Connectivity, Essay

‘We Connect Whole Families’

Aimee Inglis

May 6, 2024

“Some people have a hunger for tradition... I just had that hunger–it made my life more rich.”
Duane BigEagle, Northern California Osage group planning committee member

When I first went back to Osage County, Oklahoma, I was unsure what living relatives I had in the area, so I started by visiting the graves of the ancestors I knew. At a locked private family cemetery, I had the good fortune to arrive while someone was there mowing the grass. I asked, “Are you the family?” They said yes, and I said, “I guess I'm family, too.”

My newly found relative, notably the President of the Skiatook Historical Society, gave me a tour of our family cemetery. He spends much of his retirement doing genealogical work and often alerts us to new findings about our extended kin, like unearthing that my great-grandfather was sent to Carlisle Indian School. He gave me instructions to find my great-great-grandfather, buried but lost somewhere near Fairfax Lake, noticing that I also had a knack for finding relatives. This Scottish-American settler had met and married one of my Osage ancestors in Kansas in the 1870s. Together, they left for Osage County, for what was to be our permanent home after three mass displacements in under 50 years. His headstone reads: “married to an Osage woman,” as though this were the most important fact about his short life.

Many of the Osage families who moved to Southern California from Oklahoma in the 1920s were from mixed French-Osage people like the Tayriens, Pappins, Claviers, and the Whileses, my family. This group is not always well-regarded, but I am reminded in conversation with one of our elders that we descend from full-blood Osage women who were placed into the role of ambassadors in the tumultuous times between 1780 and 1820 and who helped our people survive. They and their children spoke Osage, French, Spanish, Latin, and English. They lived on the banks of the Osage and Missouri Rivers where their French fur-trader husbands sought their fortune until France lost the war. This “Half-Breed Band,” in the tradition of the band structure of the Osage, lived separately from other Osages in their own village, as did other bands elsewhere, but came together when circumstances demanded strength in numbers. Aiding the French, the “Half-Breed Band” helped build St. Louis and the infrastructure for what was to become the state of Missouri, but at the signing of the federal Treaty of 1825, these mixed Osages were forced to leave their homes as well. 

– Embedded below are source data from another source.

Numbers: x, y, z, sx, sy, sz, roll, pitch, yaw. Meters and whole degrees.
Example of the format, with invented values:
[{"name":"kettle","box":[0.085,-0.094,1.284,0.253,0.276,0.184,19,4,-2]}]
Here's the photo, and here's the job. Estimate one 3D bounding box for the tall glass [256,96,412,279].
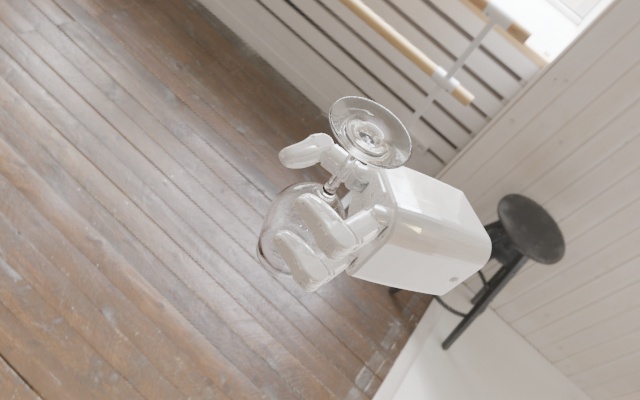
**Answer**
[{"name":"tall glass","box":[0.000,0.001,0.445,0.079,0.079,0.201,0,-34,-30]}]
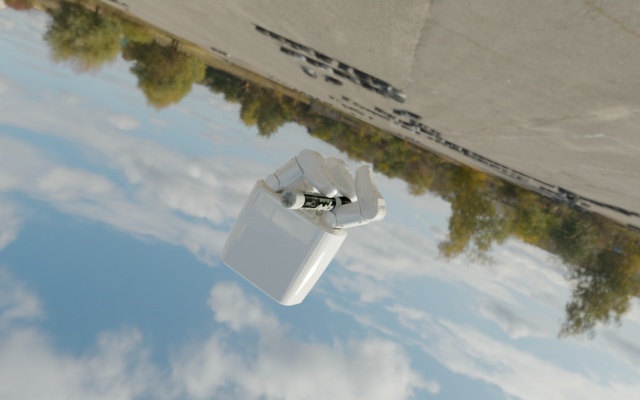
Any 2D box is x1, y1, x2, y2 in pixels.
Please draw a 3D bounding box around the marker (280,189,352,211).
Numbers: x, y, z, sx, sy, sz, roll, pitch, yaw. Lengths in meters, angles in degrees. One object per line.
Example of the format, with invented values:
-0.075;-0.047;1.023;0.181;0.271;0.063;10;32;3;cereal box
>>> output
0.000;0.002;0.501;0.020;0.020;0.121;0;-3;31;marker
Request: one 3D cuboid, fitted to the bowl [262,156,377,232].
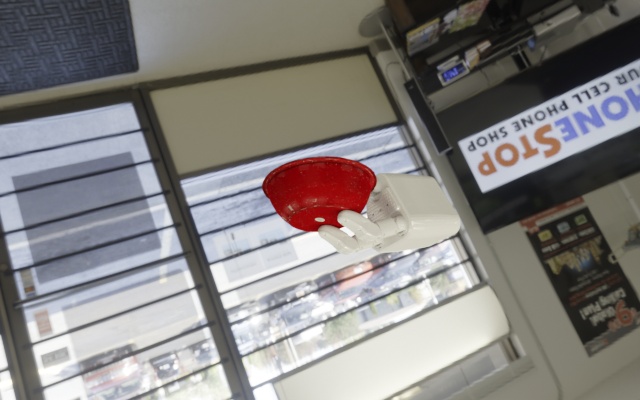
[{"bbox_3d":[-0.001,0.002,0.661,0.162,0.055,0.162,-3,-25,-1],"label":"bowl"}]
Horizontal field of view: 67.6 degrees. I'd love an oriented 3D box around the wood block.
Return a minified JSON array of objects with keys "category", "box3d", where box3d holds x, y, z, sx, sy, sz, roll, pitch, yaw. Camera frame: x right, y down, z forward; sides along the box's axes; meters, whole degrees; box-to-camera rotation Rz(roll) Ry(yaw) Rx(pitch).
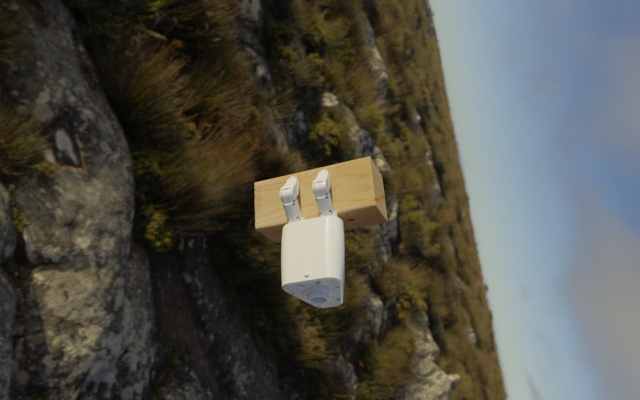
[{"category":"wood block","box3d":[0.000,0.003,0.813,0.206,0.090,0.091,-11,-23,17]}]
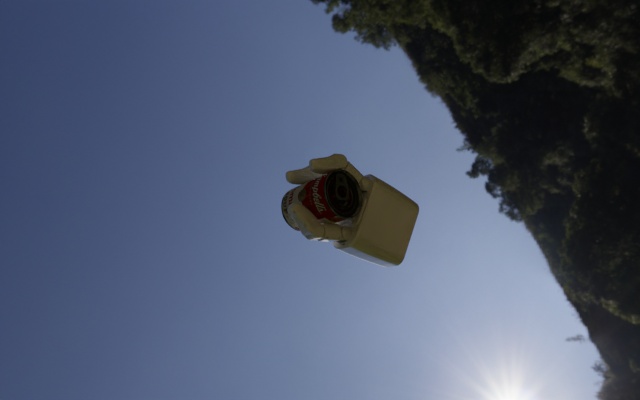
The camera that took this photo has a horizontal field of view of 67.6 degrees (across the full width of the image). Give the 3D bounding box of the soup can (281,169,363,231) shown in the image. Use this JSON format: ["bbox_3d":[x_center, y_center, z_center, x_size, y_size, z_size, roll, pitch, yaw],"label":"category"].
[{"bbox_3d":[0.000,0.002,0.672,0.068,0.068,0.102,0,-13,-41],"label":"soup can"}]
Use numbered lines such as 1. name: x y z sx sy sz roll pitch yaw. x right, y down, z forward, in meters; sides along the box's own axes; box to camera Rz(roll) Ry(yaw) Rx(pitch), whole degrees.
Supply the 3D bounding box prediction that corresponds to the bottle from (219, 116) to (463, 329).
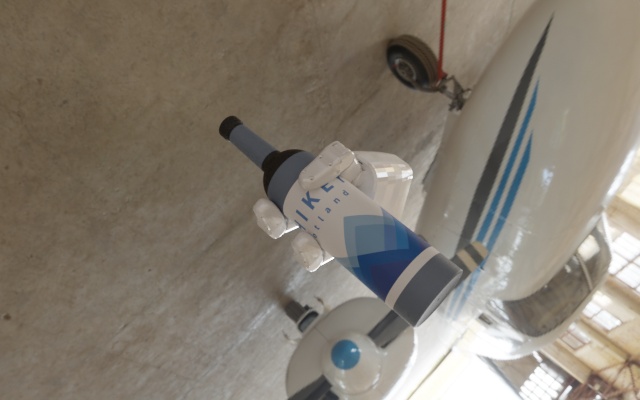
1. bottle: 0.000 0.002 0.477 0.295 0.069 0.069 39 18 24
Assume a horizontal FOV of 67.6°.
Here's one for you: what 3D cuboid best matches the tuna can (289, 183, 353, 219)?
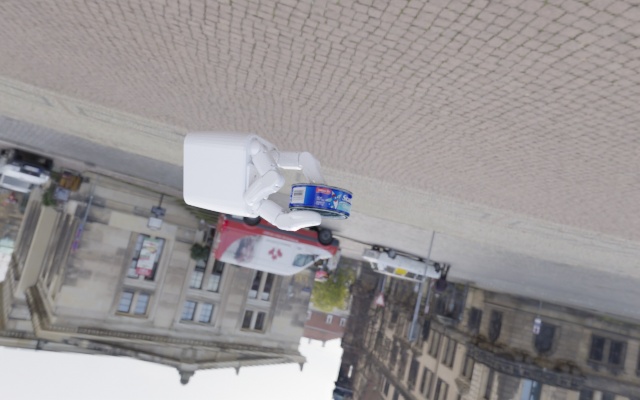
[{"bbox_3d":[0.000,0.003,0.651,0.086,0.033,0.086,8,-9,1],"label":"tuna can"}]
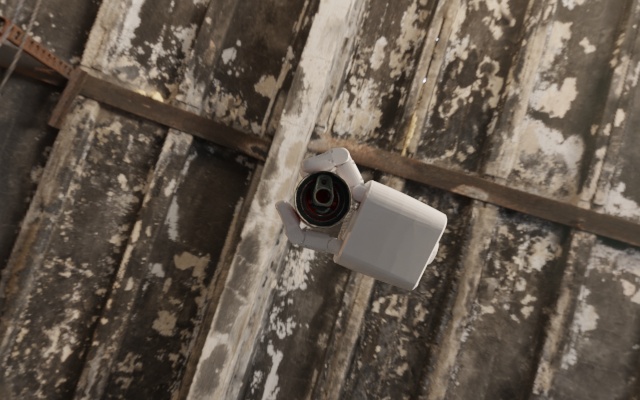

The “Reign of Terror” murders for oil money and land in Osage County reached its height in the 1920s, when “full-blood” (or those more than half blood quantum) Osages were automatically deemed “incompetent” and required to have a guardian to manage their finances. Osages of less than half blood quantum could make their own financial decisions, creating division by race that did not exist in Osage society before. However, their lives were also at risk; so many exerted their relative freedom in order to leave. Greg Clavier, who currently runs the United Osages of Southern California (UOSC) meetings, told me how the “Reign of Terror” forced his family off the Osage reservation. After fleeing to California in the 1920s, his family moved back to Oklahoma during the Great Depression when the oil boom had busted, but then they eventually moved back to California for jobs during World War II. Many Osage families have this same pattern of migration. 

A male-bodied person and three female-bodied people in regalia.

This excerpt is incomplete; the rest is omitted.